The frequencies of the fusion genes were calculated using SPSS IBM V.21. The study was conducted according to the guidelines of the Declaration of Helsinki and approved by the Institutional Research and Ethics Committee of the Centro Médico Nacional Siglo XXI (project number: R-2015-785-121). The patients/participants provided their written informed consent to participate in this study.

Results

Demographic and biological characteristics of studied population

We registered 77 patients (<18 years) with confirmed diagnoses of AML in nine public hospitals between January 2019 and June 2021. We found that 64.9% of the patients were male and 35.1% were female, with a median age of 9.4 years (Table 1). The largest age group was children, representing 55.8%, followed by adolescents (35.1%) and infants (9.1%) (Table 1).

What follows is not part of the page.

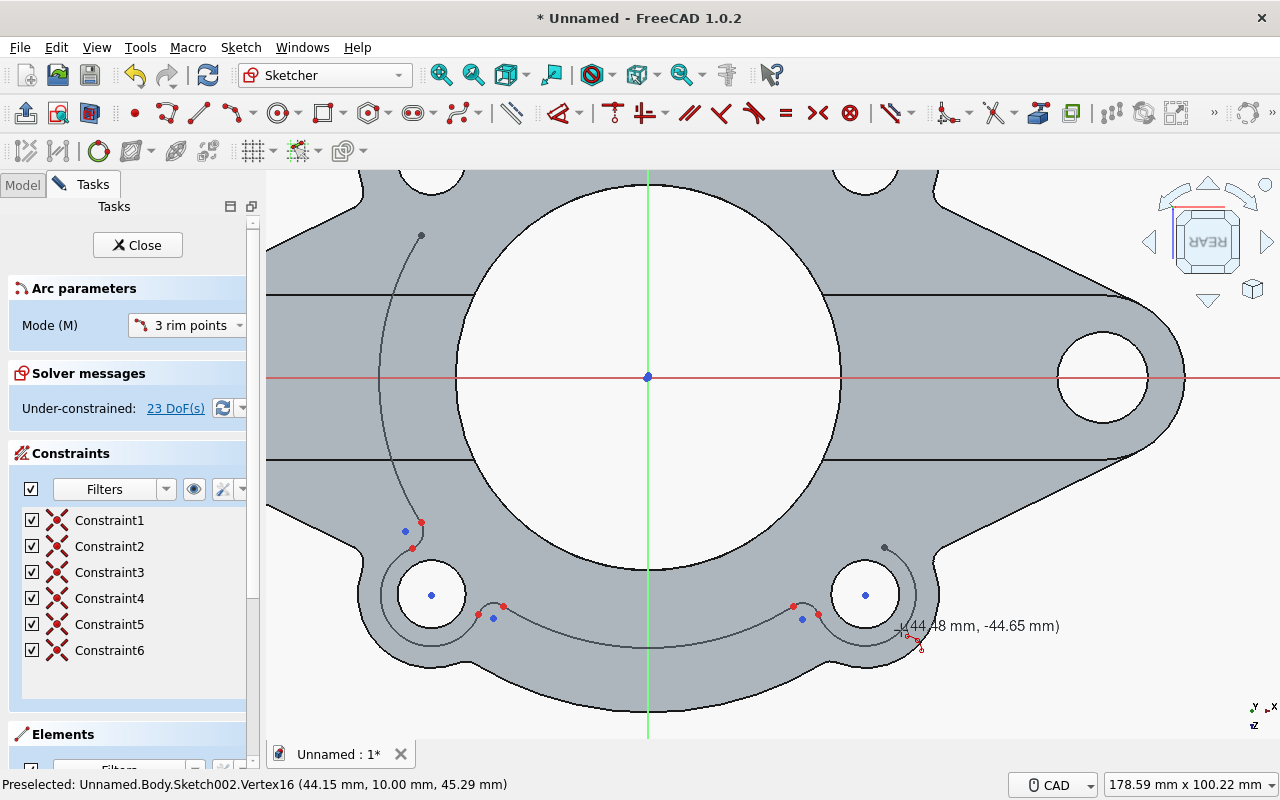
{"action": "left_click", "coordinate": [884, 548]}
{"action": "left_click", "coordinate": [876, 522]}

The mean WBC was 67.96 × 10⁹/L, with a range of 0.76–500 × 10⁹/L. According to the French–American–British (FAB) classification, 29.9% of the patients had the M2 or M4 subtype and 18.2% had M3; together, these three subtypes accounted for 78% of the patients (Table 1). The remaining few patients (n = 11, 14.28%) were classified as M0, M1, M5, and M6 (Table 1).

TABLE 1

Table 1. Characteristics of pediatric patients diagnosed with AML and registered by the MIGICCL between 2019 and 2021.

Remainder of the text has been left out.